Beta Kernel adapts its shape to capture fine geometric and texture details. Negative b generates flatter surface but sharper cutoffs for learning solid support and sharp geometry, while positive b generates sharper peaks for learning high frequency details. When b=0, the beta kernel is almost identical to Gaussian Kernel.
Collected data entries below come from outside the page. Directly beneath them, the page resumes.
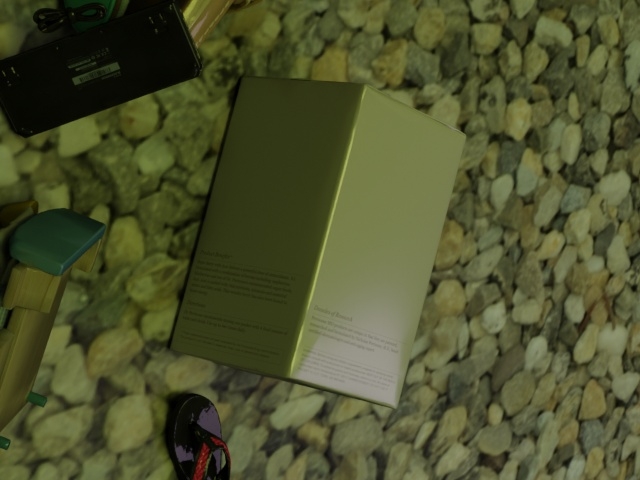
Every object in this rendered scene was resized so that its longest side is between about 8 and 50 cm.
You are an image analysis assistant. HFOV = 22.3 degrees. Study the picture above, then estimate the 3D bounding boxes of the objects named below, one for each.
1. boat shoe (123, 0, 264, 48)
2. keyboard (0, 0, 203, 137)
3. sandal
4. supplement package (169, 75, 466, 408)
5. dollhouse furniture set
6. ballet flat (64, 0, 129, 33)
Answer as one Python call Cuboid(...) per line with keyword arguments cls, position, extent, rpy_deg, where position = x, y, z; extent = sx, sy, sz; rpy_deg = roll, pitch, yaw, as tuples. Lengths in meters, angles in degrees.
Cuboid(cls="boat shoe", position=(-0.080, -0.272, 1.548), extent=(0.110, 0.121, 0.341), rpy_deg=(50, 60, -38))
Cuboid(cls="keyboard", position=(-0.204, -0.165, 1.427), extent=(0.180, 0.023, 0.108), rpy_deg=(-20, 123, 3))
Cuboid(cls="sandal", position=(-0.114, 0.240, 1.655), extent=(0.067, 0.040, 0.179), rpy_deg=(-20, 111, -43))
Cuboid(cls="supplement package", position=(0.000, 0.000, 1.637), extent=(0.175, 0.177, 0.293), rpy_deg=(21, 82, -46))
Cuboid(cls="dollhouse furniture set", position=(-0.343, 0.108, 1.363), extent=(0.303, 0.198, 0.286), rpy_deg=(-60, 171, -72))
Cuboid(cls="ballet flat", position=(-0.195, -0.296, 1.467), extent=(0.079, 0.077, 0.221), rpy_deg=(-32, 120, -62))
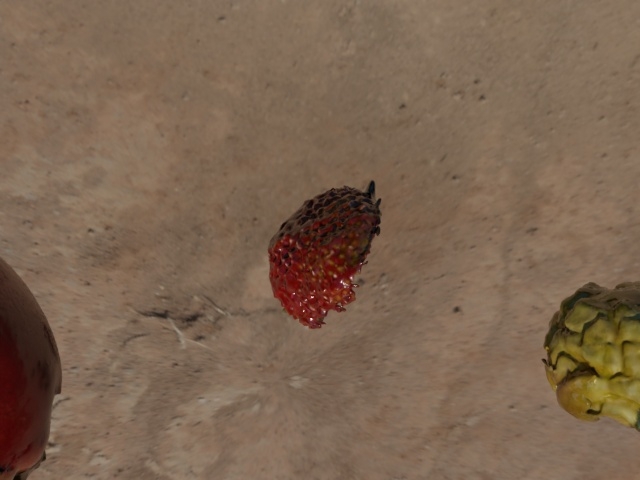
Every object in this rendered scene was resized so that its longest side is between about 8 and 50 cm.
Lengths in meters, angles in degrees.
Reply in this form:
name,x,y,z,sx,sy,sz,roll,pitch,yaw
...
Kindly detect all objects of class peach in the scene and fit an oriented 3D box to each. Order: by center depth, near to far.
name,x,y,z,sx,sy,sz,roll,pitch,yaw
peach,-0.263,0.080,0.585,0.198,0.197,0.197,0,81,-3

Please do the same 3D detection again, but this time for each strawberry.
name,x,y,z,sx,sy,sz,roll,pitch,yaw
strawberry,0.000,0.000,1.364,0.138,0.306,0.233,22,72,-4

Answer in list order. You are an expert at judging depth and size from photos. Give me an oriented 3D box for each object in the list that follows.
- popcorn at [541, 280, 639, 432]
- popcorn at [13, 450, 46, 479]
name,x,y,z,sx,sy,sz,roll,pitch,yaw
popcorn,0.398,0.142,1.114,0.250,0.250,0.189,-3,118,-3
popcorn,-0.424,0.427,1.103,0.290,0.326,0.321,-25,113,-38
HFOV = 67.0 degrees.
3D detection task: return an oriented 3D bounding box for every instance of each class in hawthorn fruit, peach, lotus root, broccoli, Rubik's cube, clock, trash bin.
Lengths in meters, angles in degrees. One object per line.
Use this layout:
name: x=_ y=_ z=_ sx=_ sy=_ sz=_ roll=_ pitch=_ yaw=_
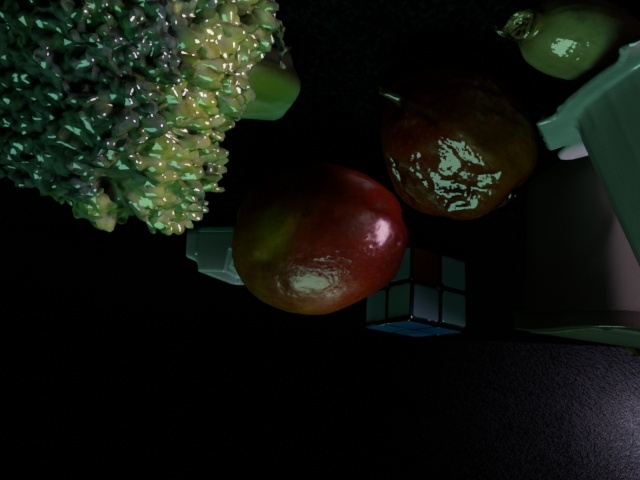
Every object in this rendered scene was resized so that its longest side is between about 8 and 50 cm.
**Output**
hawthorn fruit: x=0.149 y=-0.105 z=0.538 sx=0.174 sy=0.173 sz=0.179 roll=-1 pitch=161 yaw=19
peach: x=0.000 y=0.000 z=0.760 sx=0.281 sy=0.238 sz=0.280 roll=2 pitch=137 yaw=2
lotus root: x=0.231 y=-0.181 z=0.435 sx=0.151 sy=0.062 sz=0.073 roll=5 pitch=163 yaw=-17
broccoli: x=-0.171 y=-0.124 z=0.438 sx=0.302 sy=0.249 sz=0.375 roll=24 pitch=149 yaw=-35
Rubik's cube: x=0.219 y=0.124 z=1.140 sx=0.167 sy=0.180 sz=0.183 roll=16 pitch=161 yaw=-28
clock: x=-0.149 y=0.048 z=1.130 sx=0.263 sy=0.116 sz=0.231 roll=1 pitch=161 yaw=15
trash bin: x=0.401 y=0.020 z=0.678 sx=0.220 sy=0.249 sz=0.219 roll=10 pitch=161 yaw=-11

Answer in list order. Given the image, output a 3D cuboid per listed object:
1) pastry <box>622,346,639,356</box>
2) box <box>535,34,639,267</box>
pastry: x=0.638 y=0.090 z=0.780 sx=0.338 sy=0.292 sz=0.405 roll=9 pitch=174 yaw=20
box: x=0.356 y=-0.056 z=0.452 sx=0.263 sy=0.206 sz=0.291 roll=-6 pitch=164 yaw=-17
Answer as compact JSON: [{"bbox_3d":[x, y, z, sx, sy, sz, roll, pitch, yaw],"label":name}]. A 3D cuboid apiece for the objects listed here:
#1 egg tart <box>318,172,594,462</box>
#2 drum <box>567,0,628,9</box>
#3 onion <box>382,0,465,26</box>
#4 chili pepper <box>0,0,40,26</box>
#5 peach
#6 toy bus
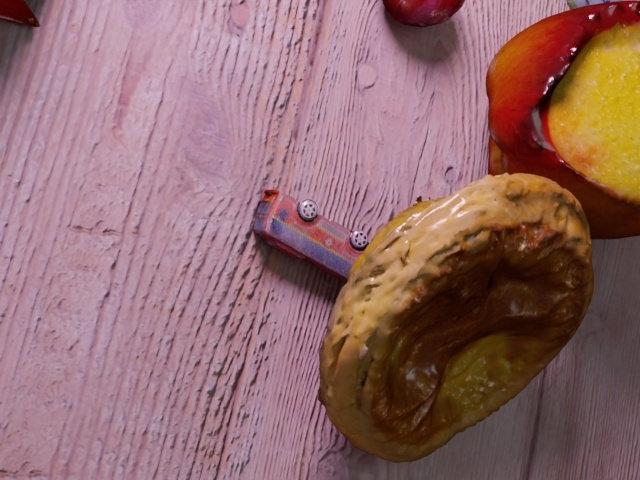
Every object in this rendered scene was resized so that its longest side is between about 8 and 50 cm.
[{"bbox_3d":[0.162,0.085,1.361,0.443,0.178,0.443,-20,133,-23],"label":"egg tart"},{"bbox_3d":[0.411,-0.362,1.654,0.130,0.049,0.253,48,70,-17],"label":"drum"},{"bbox_3d":[0.149,-0.368,1.480,0.131,0.131,0.131,3,84,-27],"label":"onion"},{"bbox_3d":[-0.506,-0.273,1.154,0.369,0.092,0.137,-17,104,-25],"label":"chili pepper"},{"bbox_3d":[0.404,-0.166,1.487,0.406,0.310,0.335,-11,88,-20],"label":"peach"},{"bbox_3d":[0.000,0.000,1.400,0.192,0.065,0.077,29,80,-22],"label":"toy bus"}]
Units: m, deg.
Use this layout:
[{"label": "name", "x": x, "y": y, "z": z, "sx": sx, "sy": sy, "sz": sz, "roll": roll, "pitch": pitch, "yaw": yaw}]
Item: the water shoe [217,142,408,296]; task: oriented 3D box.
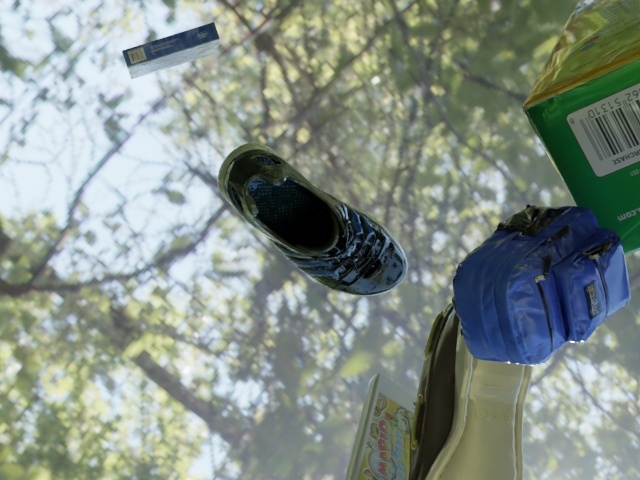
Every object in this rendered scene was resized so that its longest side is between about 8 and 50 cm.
[{"label": "water shoe", "x": 0.000, "y": 0.000, "z": 0.995, "sx": 0.073, "sy": 0.203, "sz": 0.080, "roll": -52, "pitch": -148, "yaw": 9}]

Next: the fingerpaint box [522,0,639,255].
[{"label": "fingerpaint box", "x": 0.431, "y": -0.193, "z": 1.044, "sx": 0.445, "sy": 0.163, "sz": 0.371, "roll": -24, "pitch": -165, "yaw": 27}]

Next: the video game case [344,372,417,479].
[{"label": "video game case", "x": 0.125, "y": 0.286, "z": 1.405, "sx": 0.026, "sy": 0.206, "sz": 0.227, "roll": -47, "pitch": -164, "yaw": 40}]

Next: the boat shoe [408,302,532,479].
[{"label": "boat shoe", "x": 0.147, "y": 0.214, "z": 1.300, "sx": 0.097, "sy": 0.117, "sz": 0.324, "roll": -13, "pitch": -115, "yaw": 63}]

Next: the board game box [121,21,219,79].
[{"label": "board game box", "x": -0.143, "y": -0.180, "z": 1.173, "sx": 0.090, "sy": 0.020, "sz": 0.090, "roll": -18, "pitch": -178, "yaw": -6}]

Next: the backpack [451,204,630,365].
[{"label": "backpack", "x": 0.160, "y": 0.033, "z": 0.900, "sx": 0.120, "sy": 0.098, "sz": 0.101, "roll": -29, "pitch": -161, "yaw": -36}]
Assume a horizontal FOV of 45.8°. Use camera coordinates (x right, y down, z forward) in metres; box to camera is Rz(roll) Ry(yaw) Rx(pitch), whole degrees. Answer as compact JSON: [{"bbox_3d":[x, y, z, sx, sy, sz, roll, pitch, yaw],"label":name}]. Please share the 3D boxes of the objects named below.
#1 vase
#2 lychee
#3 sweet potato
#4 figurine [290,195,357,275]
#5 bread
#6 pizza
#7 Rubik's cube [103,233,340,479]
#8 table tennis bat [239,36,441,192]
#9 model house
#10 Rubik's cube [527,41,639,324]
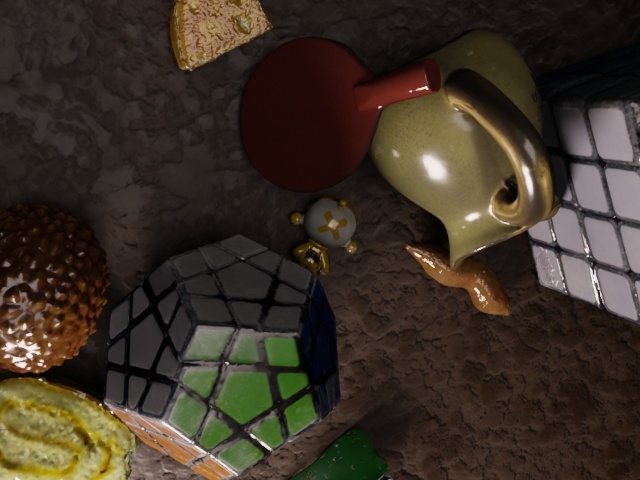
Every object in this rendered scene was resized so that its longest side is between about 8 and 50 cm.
[{"bbox_3d":[0.208,-0.111,0.992,0.241,0.329,0.302,-28,100,-5],"label":"vase"},{"bbox_3d":[-0.370,0.066,0.939,0.200,0.200,0.238,42,75,-19],"label":"lychee"},{"bbox_3d":[0.221,0.052,1.178,0.218,0.051,0.065,33,76,-18],"label":"sweet potato"},{"bbox_3d":[-0.005,-0.001,1.099,0.143,0.068,0.101,-37,101,11],"label":"figurine"},{"bbox_3d":[-0.363,0.270,0.993,0.257,0.124,0.185,20,79,-35],"label":"bread"},{"bbox_3d":[-0.134,-0.300,1.014,0.134,0.046,0.175,25,93,-18],"label":"pizza"},{"bbox_3d":[-0.121,0.152,0.985,0.264,0.319,0.318,-7,103,12],"label":"Rubik's cube"},{"bbox_3d":[0.010,-0.169,0.968,0.038,0.310,0.200,-12,91,-53],"label":"table tennis bat"},{"bbox_3d":[0.036,0.388,1.166,0.167,0.117,0.088,-39,124,-8],"label":"model house"},{"bbox_3d":[0.502,-0.105,1.082,0.345,0.337,0.343,-22,105,-13],"label":"Rubik's cube"}]
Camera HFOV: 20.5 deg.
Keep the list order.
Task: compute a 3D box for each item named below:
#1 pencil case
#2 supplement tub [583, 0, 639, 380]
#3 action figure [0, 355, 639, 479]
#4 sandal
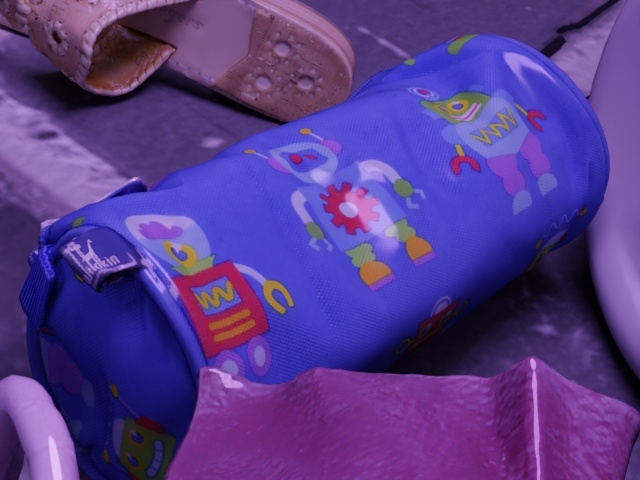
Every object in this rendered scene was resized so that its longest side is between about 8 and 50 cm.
[{"bbox_3d":[0.000,0.000,0.787,0.133,0.119,0.306,49,46,12],"label":"pencil case"},{"bbox_3d":[0.320,-0.028,0.849,0.331,0.241,0.241,1,43,-21],"label":"supplement tub"},{"bbox_3d":[-0.017,0.174,0.483,0.276,0.248,0.370,17,37,0],"label":"action figure"},{"bbox_3d":[-0.098,-0.109,0.903,0.240,0.088,0.079,20,33,-6],"label":"sandal"}]
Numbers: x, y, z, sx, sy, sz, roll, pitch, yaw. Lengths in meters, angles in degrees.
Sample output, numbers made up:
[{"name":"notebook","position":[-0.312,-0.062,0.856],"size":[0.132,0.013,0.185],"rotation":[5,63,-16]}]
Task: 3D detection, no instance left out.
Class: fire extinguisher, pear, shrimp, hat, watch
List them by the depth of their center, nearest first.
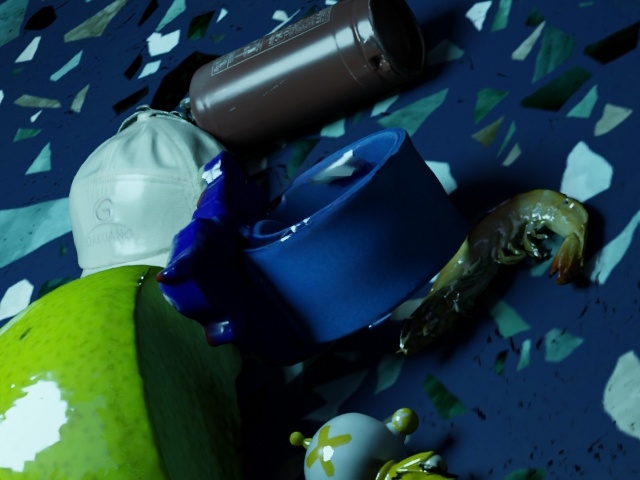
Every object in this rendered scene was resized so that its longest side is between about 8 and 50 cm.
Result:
[{"name":"shrimp","position":[0.139,0.031,1.437],"size":[0.124,0.034,0.178],"rotation":[15,56,49]},{"name":"pear","position":[-0.222,0.188,1.478],"size":[0.318,0.238,0.342],"rotation":[-25,38,13]},{"name":"watch","position":[0.005,0.001,1.484],"size":[0.200,0.171,0.196],"rotation":[-28,25,22]},{"name":"hat","position":[-0.190,0.000,1.726],"size":[0.219,0.164,0.226],"rotation":[-10,26,42]},{"name":"fire extinguisher","position":[-0.034,-0.143,1.753],"size":[0.269,0.105,0.105],"rotation":[-23,40,30]}]

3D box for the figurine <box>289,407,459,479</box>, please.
[{"name":"figurine","position":[0.043,0.177,1.363],"size":[0.101,0.068,0.143],"rotation":[-47,50,10]}]
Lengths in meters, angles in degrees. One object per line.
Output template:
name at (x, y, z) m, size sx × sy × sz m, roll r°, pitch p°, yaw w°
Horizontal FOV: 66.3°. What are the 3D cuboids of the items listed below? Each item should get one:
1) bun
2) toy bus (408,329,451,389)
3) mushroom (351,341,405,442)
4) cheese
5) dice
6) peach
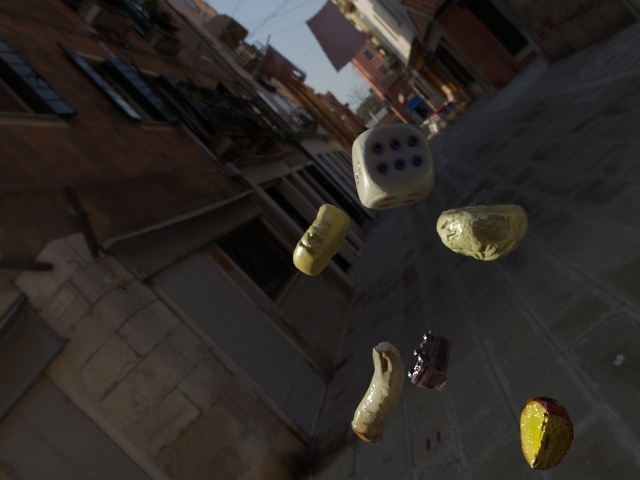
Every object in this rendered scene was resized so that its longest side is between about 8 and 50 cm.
bun at (0.398, -0.020, 1.211) m, size 0.220 × 0.135 × 0.220 m, roll -5°, pitch 3°, yaw 0°
toy bus at (0.325, 0.349, 1.426) m, size 0.178 × 0.098 × 0.087 m, roll -50°, pitch -15°, yaw -58°
mushroom at (0.184, 0.472, 1.507) m, size 0.095 × 0.122 × 0.352 m, roll -78°, pitch -1°, yaw -69°
cheese at (0.000, 0.000, 1.486) m, size 0.214 × 0.117 × 0.226 m, roll -55°, pitch -8°, yaw -12°
dice at (0.196, -0.199, 1.347) m, size 0.193 × 0.194 × 0.192 m, roll -9°, pitch -9°, yaw -1°
peach at (0.559, 0.474, 1.204) m, size 0.127 × 0.092 × 0.173 m, roll 124°, pitch 154°, yaw -68°

Drag the slider to see how Beta Kernel deforms.

b = 0

Geometry Decomposition

The Beta Kernel's parameter b intrinsically controls the geometry frequency representation of each primitive. Lower b values correspond to lower-frequency primitives, which predominantly capture the fundamental geometric structures of the scene. Conversely, higher b values encapsulate higher-frequency details, such as textures and fine surface variations. By setting a mask based on the b parameter, we can selectively isolate primitives based on their frequency contributions. For example, we can also do a simple binary split based on a threshold (e.g., the mean of b values across all primitives). Primitives with b below the threshold primarily represent the scene's structures, with primitives of b above the threshold provides texture details.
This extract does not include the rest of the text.